AIM OF THE EXERCISE – The entries are to be reproduced verbatim, and their pictures left out.

DATA SUPPLIED –
################
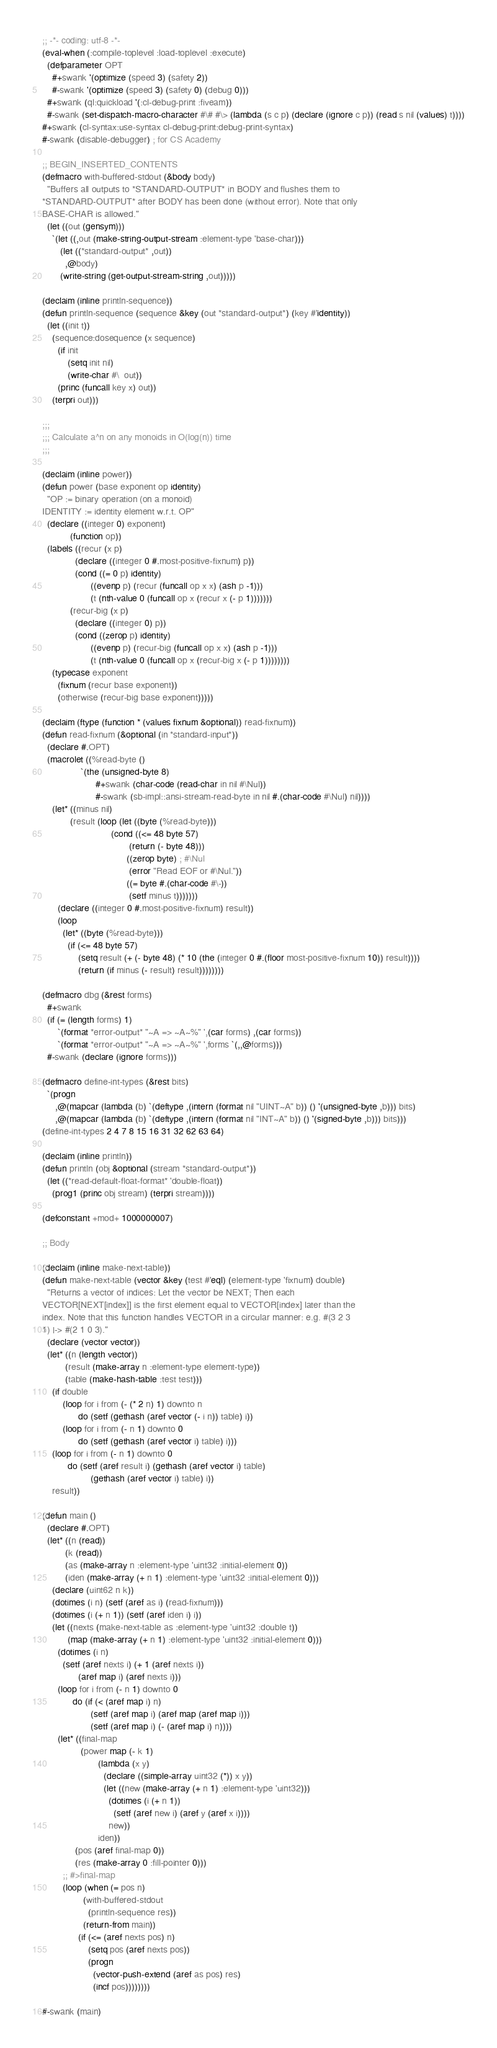Convert code to text. <code><loc_0><loc_0><loc_500><loc_500><_Lisp_>;; -*- coding: utf-8 -*-
(eval-when (:compile-toplevel :load-toplevel :execute)
  (defparameter OPT
    #+swank '(optimize (speed 3) (safety 2))
    #-swank '(optimize (speed 3) (safety 0) (debug 0)))
  #+swank (ql:quickload '(:cl-debug-print :fiveam))
  #-swank (set-dispatch-macro-character #\# #\> (lambda (s c p) (declare (ignore c p)) (read s nil (values) t))))
#+swank (cl-syntax:use-syntax cl-debug-print:debug-print-syntax)
#-swank (disable-debugger) ; for CS Academy

;; BEGIN_INSERTED_CONTENTS
(defmacro with-buffered-stdout (&body body)
  "Buffers all outputs to *STANDARD-OUTPUT* in BODY and flushes them to
*STANDARD-OUTPUT* after BODY has been done (without error). Note that only
BASE-CHAR is allowed."
  (let ((out (gensym)))
    `(let ((,out (make-string-output-stream :element-type 'base-char)))
       (let ((*standard-output* ,out))
         ,@body)
       (write-string (get-output-stream-string ,out)))))

(declaim (inline println-sequence))
(defun println-sequence (sequence &key (out *standard-output*) (key #'identity))
  (let ((init t))
    (sequence:dosequence (x sequence)
      (if init
          (setq init nil)
          (write-char #\  out))
      (princ (funcall key x) out))
    (terpri out)))

;;;
;;; Calculate a^n on any monoids in O(log(n)) time
;;;

(declaim (inline power))
(defun power (base exponent op identity)
  "OP := binary operation (on a monoid)
IDENTITY := identity element w.r.t. OP"
  (declare ((integer 0) exponent)
           (function op))
  (labels ((recur (x p)
             (declare ((integer 0 #.most-positive-fixnum) p))
             (cond ((= 0 p) identity)
                   ((evenp p) (recur (funcall op x x) (ash p -1)))
                   (t (nth-value 0 (funcall op x (recur x (- p 1)))))))
           (recur-big (x p)
             (declare ((integer 0) p))
             (cond ((zerop p) identity)
                   ((evenp p) (recur-big (funcall op x x) (ash p -1)))
                   (t (nth-value 0 (funcall op x (recur-big x (- p 1))))))))
    (typecase exponent
      (fixnum (recur base exponent))
      (otherwise (recur-big base exponent)))))

(declaim (ftype (function * (values fixnum &optional)) read-fixnum))
(defun read-fixnum (&optional (in *standard-input*))
  (declare #.OPT)
  (macrolet ((%read-byte ()
               `(the (unsigned-byte 8)
                     #+swank (char-code (read-char in nil #\Nul))
                     #-swank (sb-impl::ansi-stream-read-byte in nil #.(char-code #\Nul) nil))))
    (let* ((minus nil)
           (result (loop (let ((byte (%read-byte)))
                           (cond ((<= 48 byte 57)
                                  (return (- byte 48)))
                                 ((zerop byte) ; #\Nul
                                  (error "Read EOF or #\Nul."))
                                 ((= byte #.(char-code #\-))
                                  (setf minus t)))))))
      (declare ((integer 0 #.most-positive-fixnum) result))
      (loop
        (let* ((byte (%read-byte)))
          (if (<= 48 byte 57)
              (setq result (+ (- byte 48) (* 10 (the (integer 0 #.(floor most-positive-fixnum 10)) result))))
              (return (if minus (- result) result))))))))

(defmacro dbg (&rest forms)
  #+swank
  (if (= (length forms) 1)
      `(format *error-output* "~A => ~A~%" ',(car forms) ,(car forms))
      `(format *error-output* "~A => ~A~%" ',forms `(,,@forms)))
  #-swank (declare (ignore forms)))

(defmacro define-int-types (&rest bits)
  `(progn
     ,@(mapcar (lambda (b) `(deftype ,(intern (format nil "UINT~A" b)) () '(unsigned-byte ,b))) bits)
     ,@(mapcar (lambda (b) `(deftype ,(intern (format nil "INT~A" b)) () '(signed-byte ,b))) bits)))
(define-int-types 2 4 7 8 15 16 31 32 62 63 64)

(declaim (inline println))
(defun println (obj &optional (stream *standard-output*))
  (let ((*read-default-float-format* 'double-float))
    (prog1 (princ obj stream) (terpri stream))))

(defconstant +mod+ 1000000007)

;; Body

(declaim (inline make-next-table))
(defun make-next-table (vector &key (test #'eql) (element-type 'fixnum) double)
  "Returns a vector of indices: Let the vector be NEXT; Then each
VECTOR[NEXT[index]] is the first element equal to VECTOR[index] later than the
index. Note that this function handles VECTOR in a circular manner: e.g. #(3 2 3
1) |-> #(2 1 0 3)."
  (declare (vector vector))
  (let* ((n (length vector))
         (result (make-array n :element-type element-type))
         (table (make-hash-table :test test)))
    (if double
        (loop for i from (- (* 2 n) 1) downto n
              do (setf (gethash (aref vector (- i n)) table) i))
        (loop for i from (- n 1) downto 0
              do (setf (gethash (aref vector i) table) i)))
    (loop for i from (- n 1) downto 0
          do (setf (aref result i) (gethash (aref vector i) table)
                   (gethash (aref vector i) table) i))
    result))

(defun main ()
  (declare #.OPT)
  (let* ((n (read))
         (k (read))
         (as (make-array n :element-type 'uint32 :initial-element 0))
         (iden (make-array (+ n 1) :element-type 'uint32 :initial-element 0)))
    (declare (uint62 n k))
    (dotimes (i n) (setf (aref as i) (read-fixnum)))
    (dotimes (i (+ n 1)) (setf (aref iden i) i))
    (let ((nexts (make-next-table as :element-type 'uint32 :double t))
          (map (make-array (+ n 1) :element-type 'uint32 :initial-element 0)))
      (dotimes (i n)
        (setf (aref nexts i) (+ 1 (aref nexts i))
              (aref map i) (aref nexts i)))
      (loop for i from (- n 1) downto 0
            do (if (< (aref map i) n)
                   (setf (aref map i) (aref map (aref map i)))
                   (setf (aref map i) (- (aref map i) n))))
      (let* ((final-map
               (power map (- k 1)
                      (lambda (x y)
                        (declare ((simple-array uint32 (*)) x y))
                        (let ((new (make-array (+ n 1) :element-type 'uint32)))
                          (dotimes (i (+ n 1))
                            (setf (aref new i) (aref y (aref x i))))
                          new))
                      iden))
             (pos (aref final-map 0))
             (res (make-array 0 :fill-pointer 0)))
        ;; #>final-map
        (loop (when (= pos n)
                (with-buffered-stdout
                  (println-sequence res))
                (return-from main))
              (if (<= (aref nexts pos) n)
                  (setq pos (aref nexts pos))
                  (progn
                    (vector-push-extend (aref as pos) res)
                    (incf pos))))))))

#-swank (main)
</code> 
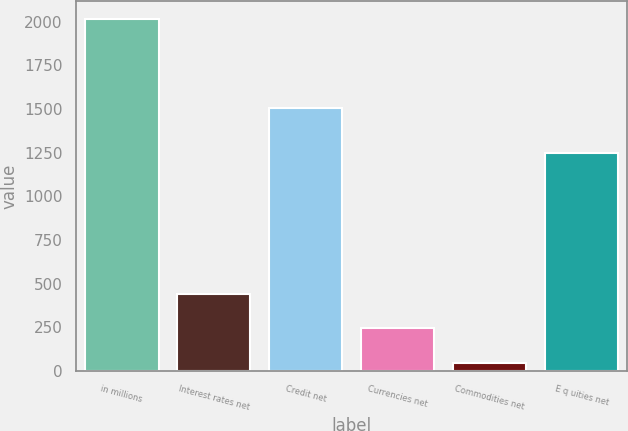Convert chart. <chart><loc_0><loc_0><loc_500><loc_500><bar_chart><fcel>in millions<fcel>Interest rates net<fcel>Credit net<fcel>Currencies net<fcel>Commodities net<fcel>E q uities net<nl><fcel>2017<fcel>441<fcel>1505<fcel>244<fcel>47<fcel>1249<nl></chart> 
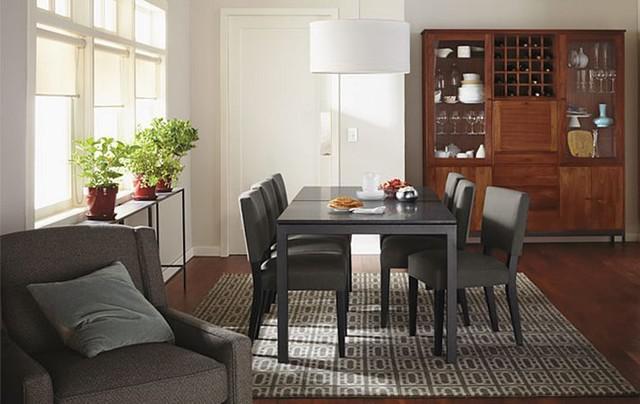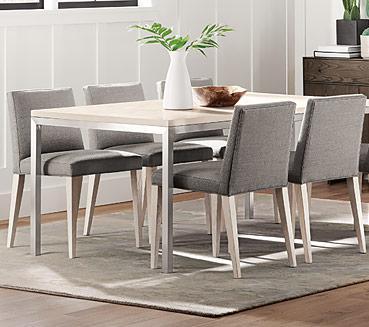The first image is the image on the left, the second image is the image on the right. For the images shown, is this caption "There are three windows on the left wall in the image on the left." true? Answer yes or no. Yes. 
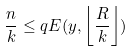<formula> <loc_0><loc_0><loc_500><loc_500>\frac { n } { k } \leq q E ( y , \left \lfloor \frac { R } { k } \right \rfloor )</formula> 
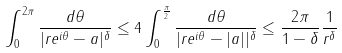<formula> <loc_0><loc_0><loc_500><loc_500>\int _ { 0 } ^ { 2 \pi } \frac { d \theta } { | r e ^ { i \theta } - a | ^ { \delta } } \leq 4 \int _ { 0 } ^ { \frac { \pi } { 2 } } \frac { d \theta } { | r e ^ { i \theta } - | a | | ^ { \delta } } \leq \frac { 2 \pi } { 1 - \delta } \frac { 1 } { r ^ { \delta } }</formula>
################
TASK ANSWER –
Convert code to text. <code><loc_0><loc_0><loc_500><loc_500><_Lisp_>;; -*- coding: utf-8 -*-
(eval-when (:compile-toplevel :load-toplevel :execute)
  (defparameter OPT
    #+swank '(optimize (speed 3) (safety 2))
    #-swank '(optimize (speed 3) (safety 0) (debug 0)))
  #+swank (ql:quickload '(:cl-debug-print :fiveam))
  #-swank (set-dispatch-macro-character #\# #\> (lambda (s c p) (declare (ignore c p)) (read s nil (values) t))))
#+swank (cl-syntax:use-syntax cl-debug-print:debug-print-syntax)
#-swank (disable-debugger) ; for CS Academy

;; BEGIN_INSERTED_CONTENTS
(defmacro with-buffered-stdout (&body body)
  "Buffers all outputs to *STANDARD-OUTPUT* in BODY and flushes them to
*STANDARD-OUTPUT* after BODY has been done (without error). Note that only
BASE-CHAR is allowed."
  (let ((out (gensym)))
    `(let ((,out (make-string-output-stream :element-type 'base-char)))
       (let ((*standard-output* ,out))
         ,@body)
       (write-string (get-output-stream-string ,out)))))

(declaim (inline println-sequence))
(defun println-sequence (sequence &key (out *standard-output*) (key #'identity))
  (let ((init t))
    (sequence:dosequence (x sequence)
      (if init
          (setq init nil)
          (write-char #\  out))
      (princ (funcall key x) out))
    (terpri out)))

;;;
;;; Calculate a^n on any monoids in O(log(n)) time
;;;

(declaim (inline power))
(defun power (base exponent op identity)
  "OP := binary operation (on a monoid)
IDENTITY := identity element w.r.t. OP"
  (declare ((integer 0) exponent)
           (function op))
  (labels ((recur (x p)
             (declare ((integer 0 #.most-positive-fixnum) p))
             (cond ((= 0 p) identity)
                   ((evenp p) (recur (funcall op x x) (ash p -1)))
                   (t (nth-value 0 (funcall op x (recur x (- p 1)))))))
           (recur-big (x p)
             (declare ((integer 0) p))
             (cond ((zerop p) identity)
                   ((evenp p) (recur-big (funcall op x x) (ash p -1)))
                   (t (nth-value 0 (funcall op x (recur-big x (- p 1))))))))
    (typecase exponent
      (fixnum (recur base exponent))
      (otherwise (recur-big base exponent)))))

(declaim (ftype (function * (values fixnum &optional)) read-fixnum))
(defun read-fixnum (&optional (in *standard-input*))
  (declare #.OPT)
  (macrolet ((%read-byte ()
               `(the (unsigned-byte 8)
                     #+swank (char-code (read-char in nil #\Nul))
                     #-swank (sb-impl::ansi-stream-read-byte in nil #.(char-code #\Nul) nil))))
    (let* ((minus nil)
           (result (loop (let ((byte (%read-byte)))
                           (cond ((<= 48 byte 57)
                                  (return (- byte 48)))
                                 ((zerop byte) ; #\Nul
                                  (error "Read EOF or #\Nul."))
                                 ((= byte #.(char-code #\-))
                                  (setf minus t)))))))
      (declare ((integer 0 #.most-positive-fixnum) result))
      (loop
        (let* ((byte (%read-byte)))
          (if (<= 48 byte 57)
              (setq result (+ (- byte 48) (* 10 (the (integer 0 #.(floor most-positive-fixnum 10)) result))))
              (return (if minus (- result) result))))))))

(defmacro dbg (&rest forms)
  #+swank
  (if (= (length forms) 1)
      `(format *error-output* "~A => ~A~%" ',(car forms) ,(car forms))
      `(format *error-output* "~A => ~A~%" ',forms `(,,@forms)))
  #-swank (declare (ignore forms)))

(defmacro define-int-types (&rest bits)
  `(progn
     ,@(mapcar (lambda (b) `(deftype ,(intern (format nil "UINT~A" b)) () '(unsigned-byte ,b))) bits)
     ,@(mapcar (lambda (b) `(deftype ,(intern (format nil "INT~A" b)) () '(signed-byte ,b))) bits)))
(define-int-types 2 4 7 8 15 16 31 32 62 63 64)

(declaim (inline println))
(defun println (obj &optional (stream *standard-output*))
  (let ((*read-default-float-format* 'double-float))
    (prog1 (princ obj stream) (terpri stream))))

(defconstant +mod+ 1000000007)

;; Body

(declaim (inline make-next-table))
(defun make-next-table (vector &key (test #'eql) (element-type 'fixnum) double)
  "Returns a vector of indices: Let the vector be NEXT; Then each
VECTOR[NEXT[index]] is the first element equal to VECTOR[index] later than the
index. Note that this function handles VECTOR in a circular manner: e.g. #(3 2 3
1) |-> #(2 1 0 3)."
  (declare (vector vector))
  (let* ((n (length vector))
         (result (make-array n :element-type element-type))
         (table (make-hash-table :test test)))
    (if double
        (loop for i from (- (* 2 n) 1) downto n
              do (setf (gethash (aref vector (- i n)) table) i))
        (loop for i from (- n 1) downto 0
              do (setf (gethash (aref vector i) table) i)))
    (loop for i from (- n 1) downto 0
          do (setf (aref result i) (gethash (aref vector i) table)
                   (gethash (aref vector i) table) i))
    result))

(defun main ()
  (declare #.OPT)
  (let* ((n (read))
         (k (read))
         (as (make-array n :element-type 'uint32 :initial-element 0))
         (iden (make-array (+ n 1) :element-type 'uint32 :initial-element 0)))
    (declare (uint62 n k))
    (dotimes (i n) (setf (aref as i) (read-fixnum)))
    (dotimes (i (+ n 1)) (setf (aref iden i) i))
    (let ((nexts (make-next-table as :element-type 'uint32 :double t))
          (map (make-array (+ n 1) :element-type 'uint32 :initial-element 0)))
      (dotimes (i n)
        (setf (aref nexts i) (+ 1 (aref nexts i))
              (aref map i) (aref nexts i)))
      (loop for i from (- n 1) downto 0
            do (if (< (aref map i) n)
                   (setf (aref map i) (aref map (aref map i)))
                   (setf (aref map i) (- (aref map i) n))))
      (let* ((final-map
               (power map (- k 1)
                      (lambda (x y)
                        (declare ((simple-array uint32 (*)) x y))
                        (let ((new (make-array (+ n 1) :element-type 'uint32)))
                          (dotimes (i (+ n 1))
                            (setf (aref new i) (aref y (aref x i))))
                          new))
                      iden))
             (pos (aref final-map 0))
             (res (make-array 0 :fill-pointer 0)))
        ;; #>final-map
        (loop (when (= pos n)
                (with-buffered-stdout
                  (println-sequence res))
                (return-from main))
              (if (<= (aref nexts pos) n)
                  (setq pos (aref nexts pos))
                  (progn
                    (vector-push-extend (aref as pos) res)
                    (incf pos))))))))

#-swank (main)
</code> 
Convert chart. <chart><loc_0><loc_0><loc_500><loc_500><bar_chart><fcel>in millions<fcel>Interest rates net<fcel>Credit net<fcel>Currencies net<fcel>Commodities net<fcel>E q uities net<nl><fcel>2017<fcel>441<fcel>1505<fcel>244<fcel>47<fcel>1249<nl></chart> 
The first image is the image on the left, the second image is the image on the right. For the images shown, is this caption "There are three windows on the left wall in the image on the left." true? Answer yes or no. Yes. 
<formula> <loc_0><loc_0><loc_500><loc_500>\frac { n } { k } \leq q E ( y , \left \lfloor \frac { R } { k } \right \rfloor )</formula> 
<formula> <loc_0><loc_0><loc_500><loc_500>\int _ { 0 } ^ { 2 \pi } \frac { d \theta } { | r e ^ { i \theta } - a | ^ { \delta } } \leq 4 \int _ { 0 } ^ { \frac { \pi } { 2 } } \frac { d \theta } { | r e ^ { i \theta } - | a | | ^ { \delta } } \leq \frac { 2 \pi } { 1 - \delta } \frac { 1 } { r ^ { \delta } }</formula>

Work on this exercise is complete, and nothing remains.